Well, I’ve played it a fair bit this past week, and have enjoyed both winning and losing sessions – ahead overall though, thankfully. I like a lot of things about Rush Poker, and some things I’m not so keen on. Let’s start with the positives. I really love the fact that you don’t have to worry about table image. In a regular game if you steal from the button a lot, players will notice after a while. That doesn’t happen on Rush Poker because you’re constantly switching tables and finding new players each hand. So you can steal everytime, without having to worry that you might be tagged as a persistent thief.
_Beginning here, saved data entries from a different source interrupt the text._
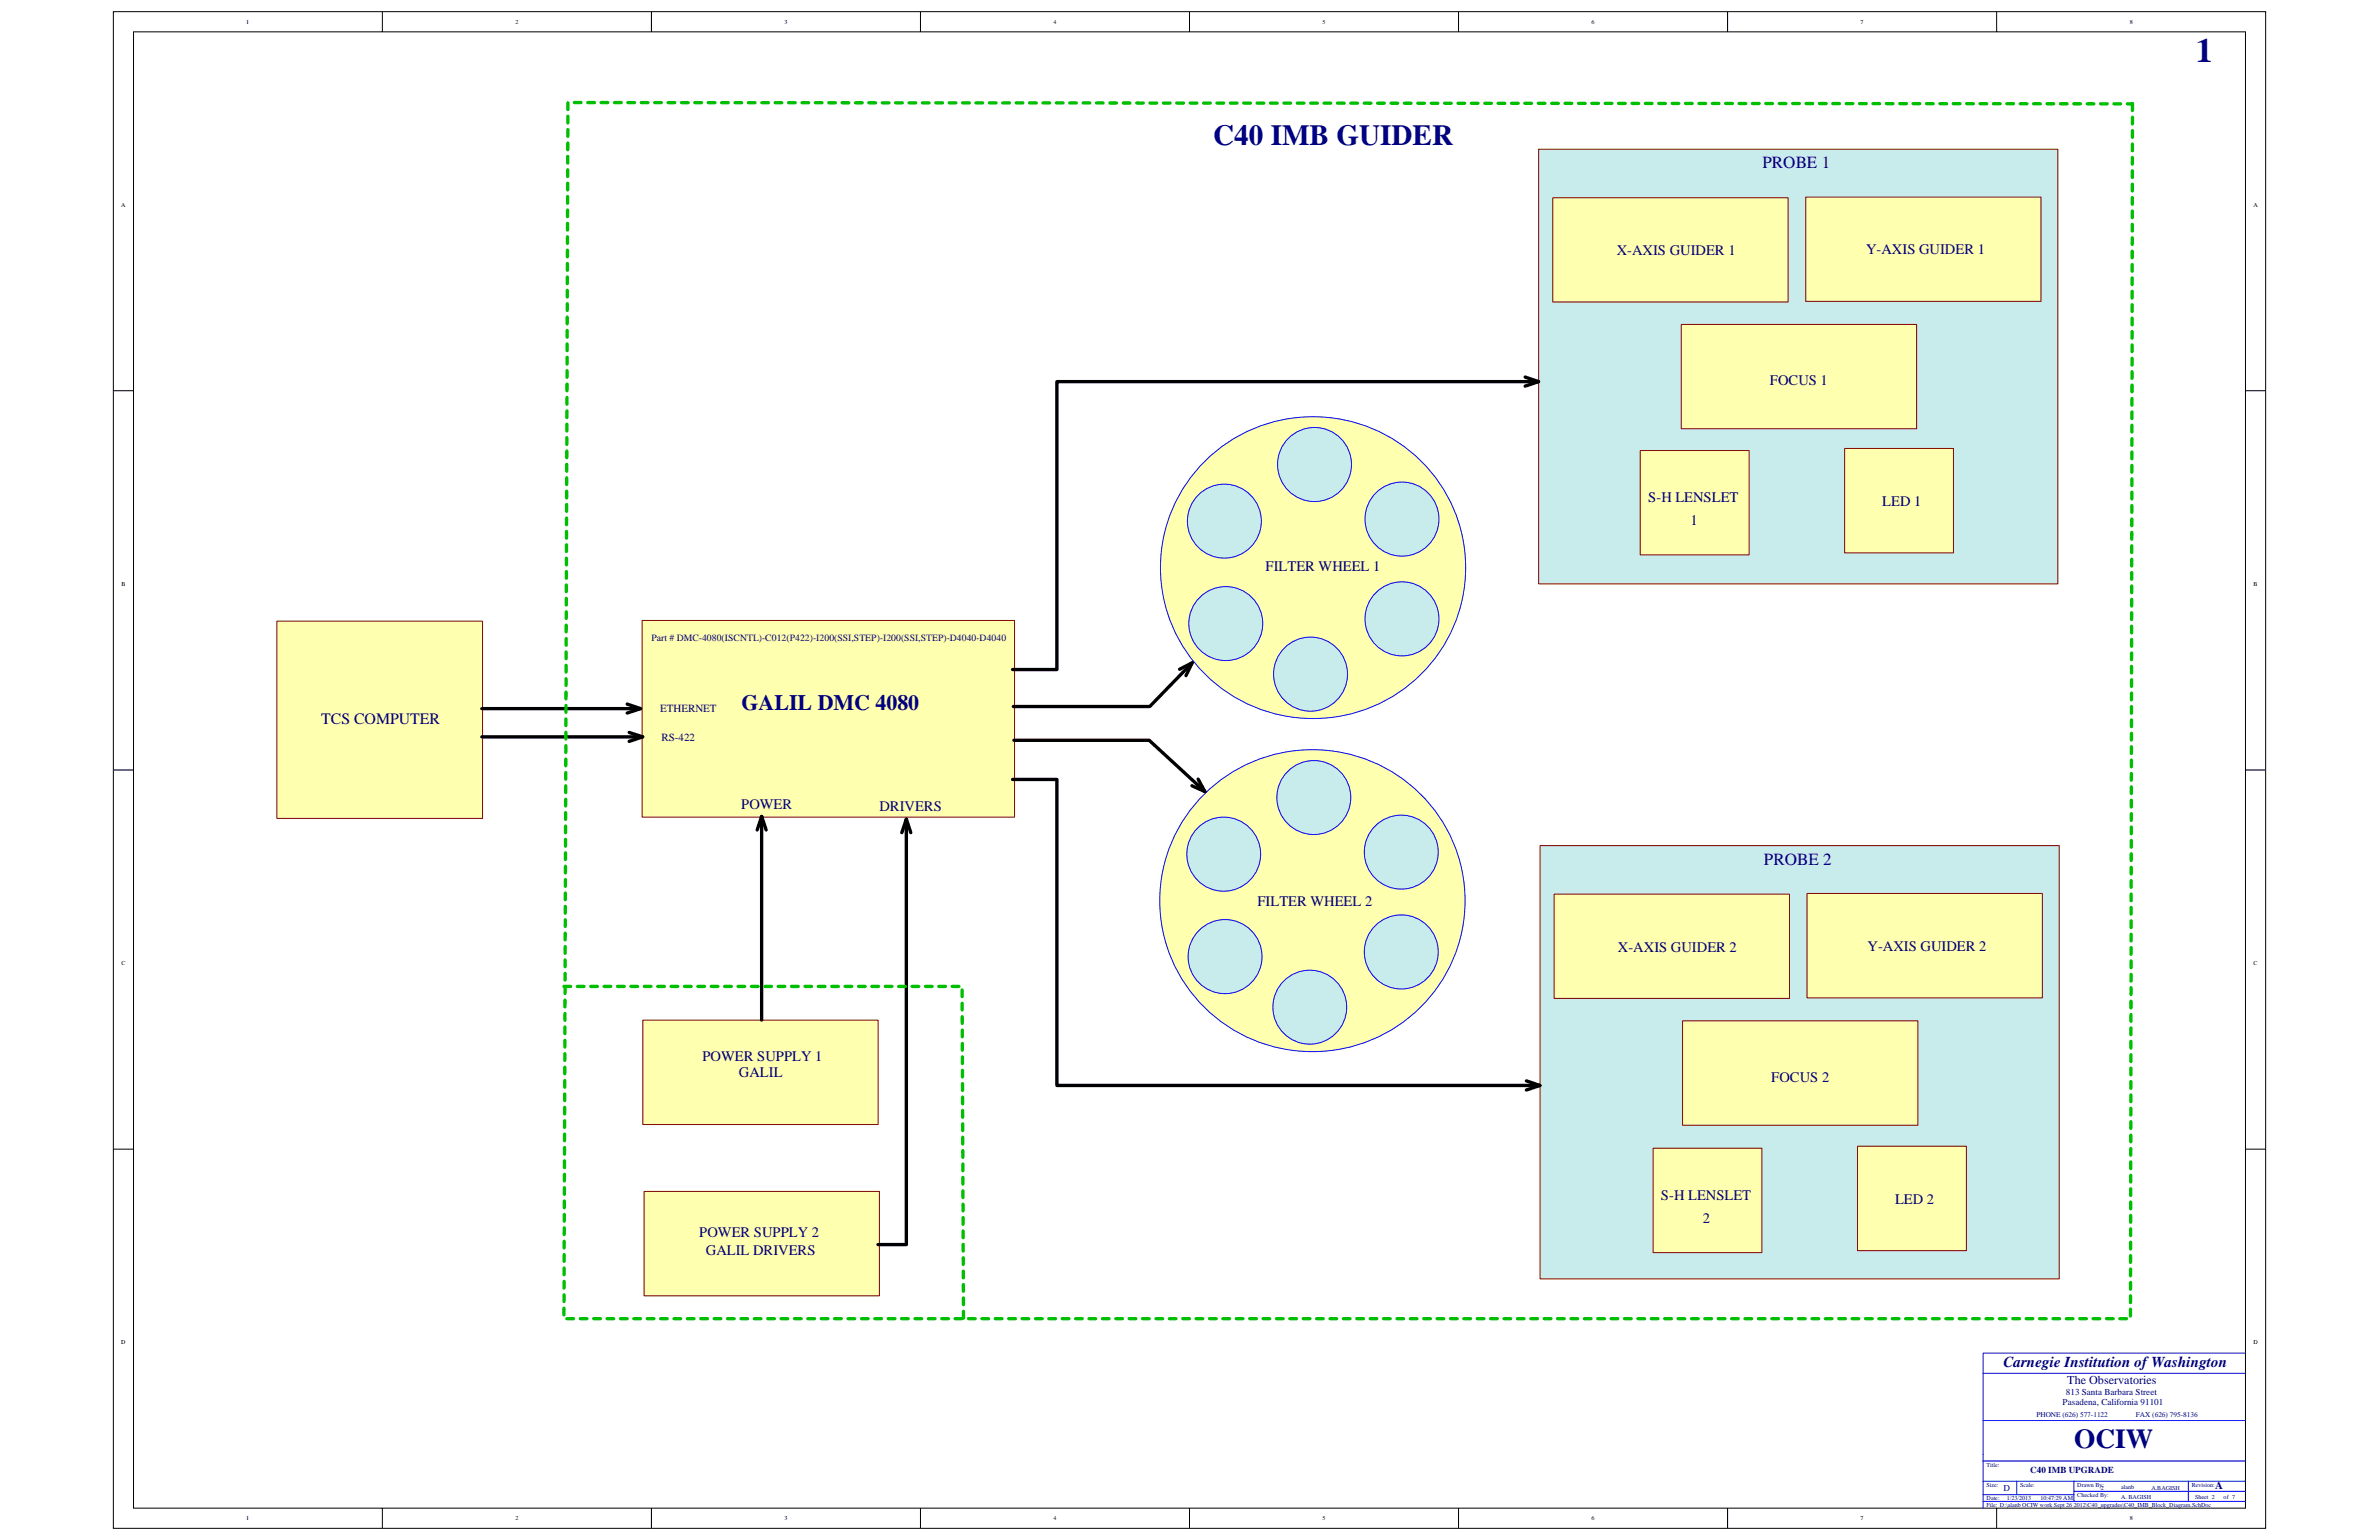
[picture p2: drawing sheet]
<svg xmlns="http://www.w3.org/2000/svg" width="432mm" height="279mm" viewBox="0 0 432 279" stroke-linecap="round" stroke-linejoin="round" font-family="sans-serif">
<defs><g id="words">
<text font-size="6.2" fill="#000080" x="398.5" y="11.3">1</text>
<text font-size="5.3" fill="#000080" x="220.2" y="26.4">C40 IMB GUIDER</text>
<text font-size="5" fill="#000080" x="376.4" y="262.8">OCIW</text>
<text font-size="4" fill="#000080" x="134.6" y="128.8">GALIL DMC 4080</text>
<g font-size="3.1" fill="#000080">
<text x="319.9" y="30.5">PROBE 1</text>
<text x="320.2" y="156.9">PROBE 2</text>
</g>
<text font-size="2.9" fill="#000080" x="58.3" y="131.4">TCS COMPUTER</text>
<text font-size="2.8" fill="#000080" x="363.6" y="248">Carnegie Institution of Washington</text>
<g font-size="2.6" fill="#000080">
<text x="293.4" y="46.3">X-AXIS GUIDER 1</text>
<text x="338.7" y="46.2">Y-AXIS GUIDER 1</text>
<text x="321.2" y="69.9">FOCUS 1</text>
<text x="299.2" y="91.1">S-H LENSLET</text>
<text x="306.9" y="95.3">1</text>
<text x="341.7" y="91.8">LED 1</text>
<text x="229.7" y="103.5">FILTER WHEEL 1</text>
<text x="134.5" y="146.8">POWER</text>
<text x="159.6" y="147.1">DRIVERS</text>
<text x="228.2" y="164.4">FILTER WHEEL 2</text>
<text x="293.7" y="172.6">X-AXIS GUIDER 2</text>
<text x="339" y="172.5">Y-AXIS GUIDER 2</text>
<text x="127.5" y="192.6">POWER SUPPLY 1</text>
<text x="134.1" y="195.4">GALIL</text>
<text x="321.5" y="196.3">FOCUS 2</text>
<text x="301.5" y="217.8">S-H LENSLET</text>
<text x="309.1" y="221.8">2</text>
<text x="344" y="218.4">LED 2</text>
<text x="126.9" y="224.4">POWER SUPPLY 2</text>
<text x="128.1" y="227.7">GALIL DRIVERS</text>
</g>
<text font-size="2.2" fill="#000080" x="375.2" y="251.1">The Observatories</text>
<g font-size="2" fill="#000080">
<text x="119.8" y="129.2">ETHERNET</text>
<text x="120.1" y="134.4">RS-422</text>
<text x="402.1" y="270.2">A</text>
</g>
<text font-size="1.8" fill="#000080" x="118.2" y="116.3">Part # DMC-4080(ISCNTL)-C012(P422)-I200(SSI,STEP)-I200(SSI,STEP)-D4040-D4040</text>
<g font-size="1.7" fill="#000080">
<text x="374.4" y="254.9">Pasadena, California 91101</text>
<text x="375" y="253.1">813 Santa Barbara Street</text>
<text x="368.5" y="267.2">C40 IMB UPGRADE</text>
<text x="363.6" y="270.6">D</text>
</g>
<g font-size="1.3" fill="#000080">
<text x="369.6" y="257.1">PHONE (626) 577-1122</text>
<text x="387.7" y="257.1">FAX (626) 795-8136</text>
</g>
<g font-size="1.1">
<text x="44.7" y="4.3">1</text>
<text x="93.6" y="4.3">2</text>
<text x="142.4" y="4.3">3</text>
<text x="191.2" y="4.3">4</text>
<text x="240.1" y="4.3">5</text>
<text x="288.9" y="4.3">6</text>
<text x="337.7" y="4.3">7</text>
<text x="386.5" y="4.3">8</text>
<text x="22" y="37.5">A</text>
<text x="409" y="37.5">A</text>
<text x="22" y="106.3">B</text>
<text x="409" y="106.3">B</text>
<text x="22" y="175.1">C</text>
<text x="409" y="175.1">C</text>
<text x="22" y="243.9">D</text>
<text x="409" y="243.9">D</text>
<text x="44.7" y="275.8">1</text>
<text x="93.6" y="275.8">2</text>
<text x="142.4" y="275.8">3</text>
<text x="191.2" y="275.8">4</text>
<text x="240.1" y="275.8">5</text>
<text x="288.9" y="275.8">6</text>
<text x="337.7" y="275.8">7</text>
<text x="386.5" y="275.8">8</text>
</g>
<g font-size="1.1" fill="#000080">
<text x="360.6" y="266.1">Title:</text>
<text x="360.6" y="269.7">Size:</text>
<text x="366.7" y="269.7">Scale:</text>
<text x="377" y="269.7">Drawn By:</text>
<text x="397.8" y="269.7">Revision:</text>
<text x="360.6" y="272.2">Date:</text>
<text x="360.6" y="273.4">File: D:\alanb OCIW work Sept 26 2012\C40_upgrades\C40_IMB_Block_Diagram.SchDoc</text>
<text x="364.2" y="272.2">1/23/2013</text>
<text x="370.3" y="272.2">10:47:29 AM</text>
<text x="377" y="271.6">Checked By:</text>
<text x="381.3" y="270.3">2</text>
<text x="385" y="271.9">A. BAGISH</text>
<text x="385" y="270.1">alanb</text>
<text x="390.5" y="270.3">A.BAGISH</text>
<text x="398.4" y="271.9">Sheet 2</text>
<text x="403.6" y="271.9">of 7</text>
</g>
</g></defs>
<path d="M20.6 2.1h390.6v275.2h-390.6z" fill="none" stroke="#000" stroke-width=".18"/>
<path d="M24.3 5.8h383.3v267.8h-383.3z" fill="#fff"/>
<g fill="none" stroke="#000" stroke-width=".18">
<path d="M24.2 5.8h383.4v267.8h-383.4zM69.4 2.1v3.7M118.2 2.1v3.7M167.1 2.1v3.7M215.9 2.1v3.7M264.7 2.1v3.7M313.6 2.1v3.7M362.4 2.1v3.7M20.6 70.9h3.6M407.6 70.9h3.6M20.6 139.7h3.6M407.6 139.7h3.6"/>
<path d="M20.6 208.5h3.6M407.6 208.5h3.6M69.4 273.6v3.7M118.2 273.6v3.7M167.1 273.6v3.7M215.9 273.6v3.7M264.7 273.6v3.7M313.6 273.6v3.7M362.4 273.6v3.7"/>
</g>
<path d="M359.9 257.7h47.7M407.6 249.2h-47.7v24.4M407.6 245.5h-47.7v3.7M359.9 271.2h16.5M359.9 265.1h47.7M359.9 268.7h47.7M359.9 272.4h47.7M366.1 268.7v2.5M376.4 268.7v3.7M376.4 270.6h31.2M397.2 268.7v3.7" fill="none" stroke="#00f" stroke-width=".18"/>
<g fill="#ffffb0" stroke="#00f" stroke-width=".18">
<path d="M217.9 144.8a27.7 27.7 0 0 1 31.3-6.5 27.7 27.7 0 0 1 16.6 27.2 27.7 27.7 0 0 1-28.6 25.3 27.7 27.7 0 0 1-26.7-27.4 27.1 27.1 0 0 1 7.4-18.6z" fill-rule="evenodd"/>
<path d="M218 84.3a27.7 27.7 0 0 1 30.3-6.9 27.7 27.7 0 0 1 17.7 25.6 27.7 27.7 0 0 1-27.7 27.4 27.7 27.7 0 0 1-27.7-27.4 27.1 27.1 0 0 1 7.4-18.7z" fill-rule="evenodd"/>
</g>
<path d="M50.3 112.7h37.3v35.8h-37.3z" fill="#ffffb0"/>
<path d="M50.2 112.7h37.4v35.8h-37.4z" fill="none" stroke="#800000" stroke-width=".18"/>
<path d="M116.6 112.6h67.5v35.7h-67.5z" fill="#ffffb0"/>
<path d="M116.5 112.6h67.6v35.7h-67.6z" fill="none" stroke="#800000" stroke-width=".18"/>
<path d="M279.3 27.1h94.2v78.8h-94.2z" fill="#c8ebeb"/>
<path d="M279.3 27.1h94.2v78.8h-94.2z" fill="none" stroke="#800000" stroke-width=".18"/>
<path d="M116.7 185.1h42.7v18.9h-42.7z" fill="#ffffb0"/>
<path d="M116.7 185.1h42.7v18.9h-42.7z" fill="none" stroke="#800000" stroke-width=".18"/>
<path d="M116.9 216.2h42.7v18.9h-42.7z" fill="#ffffb0"/>
<path d="M116.9 216.2h42.7v18.9h-42.7z" fill="none" stroke="#800000" stroke-width=".18"/>
<path d="M281.9 35.9h42.6v18.9h-42.6z" fill="#ffffb0"/>
<path d="M281.8 35.9h42.7v18.9h-42.7z" fill="none" stroke="#800000" stroke-width=".18"/>
<path d="M327.8 35.8h42.7v18.9h-42.7z" fill="#ffffb0"/>
<path d="M327.7 35.8h42.8v18.9h-42.8z" fill="none" stroke="#800000" stroke-width=".18"/>
<path d="M305.2 58.9h42.7v18.9h-42.7z" fill="#ffffb0"/>
<path d="M305.2 58.9h42.7v18.9h-42.7z" fill="none" stroke="#800000" stroke-width=".18"/>
<path d="M279.5 153.4h94.3v78.6h-94.3z" fill="#c8ebeb"/>
<path d="M279.5 153.4h94.3v78.6h-94.3z" fill="none" stroke="#800000" stroke-width=".18"/>
<path d="M282.1 162.2h42.7v18.9h-42.7z" fill="#ffffb0"/>
<path d="M282.1 162.2h42.7v18.9h-42.7z" fill="none" stroke="#800000" stroke-width=".18"/>
<path d="M328 162.1h42.7v18.9h-42.7z" fill="#ffffb0"/>
<path d="M328 162.1h42.7v18.9h-42.7z" fill="none" stroke="#800000" stroke-width=".18"/>
<path d="M305.4 185.2h42.7v19h-42.7z" fill="#ffffb0"/>
<path d="M305.4 185.2h42.7v19h-42.7z" fill="none" stroke="#800000" stroke-width=".18"/>
<path d="M300.1 208.3h19.7v19h-19.7z" fill="#ffffb0"/>
<path d="M300 208.3h19.8v19h-19.8z" fill="none" stroke="#800000" stroke-width=".18"/>
<path d="M337.2 208h19.7v18.9h-19.7z" fill="#ffffb0"/>
<path d="M337.1 208h19.8v18.9h-19.8z" fill="none" stroke="#800000" stroke-width=".18"/>
<path d="M297.7 81.8h19.8v18.9h-19.8z" fill="#ffffb0"/>
<path d="M297.7 81.7h19.8v19h-19.8z" fill="none" stroke="#800000" stroke-width=".18"/>
<path d="M334.8 81.4h19.8v18.9h-19.8z" fill="#ffffb0"/>
<path d="M334.8 81.4h19.8v18.9h-19.8z" fill="none" stroke="#800000" stroke-width=".18"/>
<g fill="none" stroke="#000" stroke-width=".61">
<path d="M276.8 68.4l2.5 .8-2.5 .9M279.3 69.2h-87.5v52.3h-8M87.5 133.7h29.1M87.5 128.6h28.8M113.8 127.7l2.5 .9-2.5 .8M114.2 132.9l2.4 .8-2.4 .8M184 134.3h24.6l10.1 9.3M214.1 121.4l2.3-1.2-1.1 2.4M216.4 120.2l-7.7 8h-24.8M137.4 150.6l.8-2.5 .9 2.5M138.2 148.1v37M163.7 151.1l.8-2.5 .8 2.5"/>
<path d="M164.5 148.6v77.2h-5.1M183.8 141.4h8v55.5h87.7M217.5 141.4l1.2 2.2-2.4-1M277.1 196.1l2.4 .8-2.4 .9"/>
</g>
<g fill="#c8ebeb" stroke="#00f" stroke-width=".18">
<circle cx="238.6" cy="84.3" r="6.7"/>
<circle cx="237.9" cy="122.3" r="6.7"/>
<circle cx="222.2" cy="94.6" r="6.7"/>
<circle cx="222.5" cy="113.1" r="6.7"/>
<circle cx="254.5" cy="94.2" r="6.7"/>
<circle cx="254.5" cy="112.3" r="6.7"/>
<circle cx="238.5" cy="144.7" r="6.7"/>
<circle cx="237.7" cy="182.7" r="6.7"/>
<circle cx="222.1" cy="155" r="6.7"/>
<circle cx="222.4" cy="173.6" r="6.7"/>
<circle cx="254.3" cy="154.6" r="6.7"/>
<circle cx="254.3" cy="172.7" r="6.7"/>
</g>
<path d="M387.1 18.8l-.4 220.4h-284.3l.7-220.6 284 .2M102.4 179h72.2l.3 60.2" fill="none" stroke="#00bf00" stroke-width=".61" stroke-dasharray="1.2 1.2"/>
<use href="#words"/>
</svg>

In Rush Poker you don’t have to wait for a hand to finish. Obviously this is just super convenient, but it also means you stop being so results orientated. Sometimes it’s nice to see how a hand played out among your opponents, but being less results orientated is a good thing – and helps keep the tilt-ometer from ticking too much. And anyway, you’ve folded so who cares if you would have won that pot, right? Let’s play the next hand!

Okay, so that’s just a couple of the positives (there are more). Now let me say what I don’t like about Rush Poker. Firstly I don’t like the fact that it promotes ratholing, because you can leave and buy-in again right away for the minimum. This is perfect for a short stack strategy, and I hate short stackers. But the good news is Full Tilt have increased the minimum buy-in from 20BBs to 35BBs.

One of the greatest thing about Rush Poker is the fact nobody can data mine you. But this is also one of the worst things too. I have no clue about my opponents, other than where they are from, their username and their stack size. Reads are an important part of online poker, and in Rush Poker it’s very hard to get reads. Don’t get me wrong, I don’t import hand histories of players I’ve never played with before (because that’s cheating!), but I do use a HUD compiled of my own personal history. Not knowing the fish from the regular, is a big drawback. However, the fact they have nothing on me either gives it some balance.

Problem the worst thing about Rush Poker is that it encourages the fish to tighten up, and wait for big hands. Of course some bad players just can’t help themselves, but in general – they can now wait for a good hand and at a rate of 300 hands per hour, they don’t have to wait too long. 

So, there’s both good and bad points about Rush Poker. I appreciate that I’ve not shared any Rush Poker strategies in this post, but that’s because I’m not yet convinced on the optimum strategy for success. Hopefully in my next post I will have come to some reasonable conclusions, and I’ll share my thoughts. But for now I’ll just say that if you’ve not yet tried out Rush Poker, then I recommend you give it a go. It could well be the future of online poker! 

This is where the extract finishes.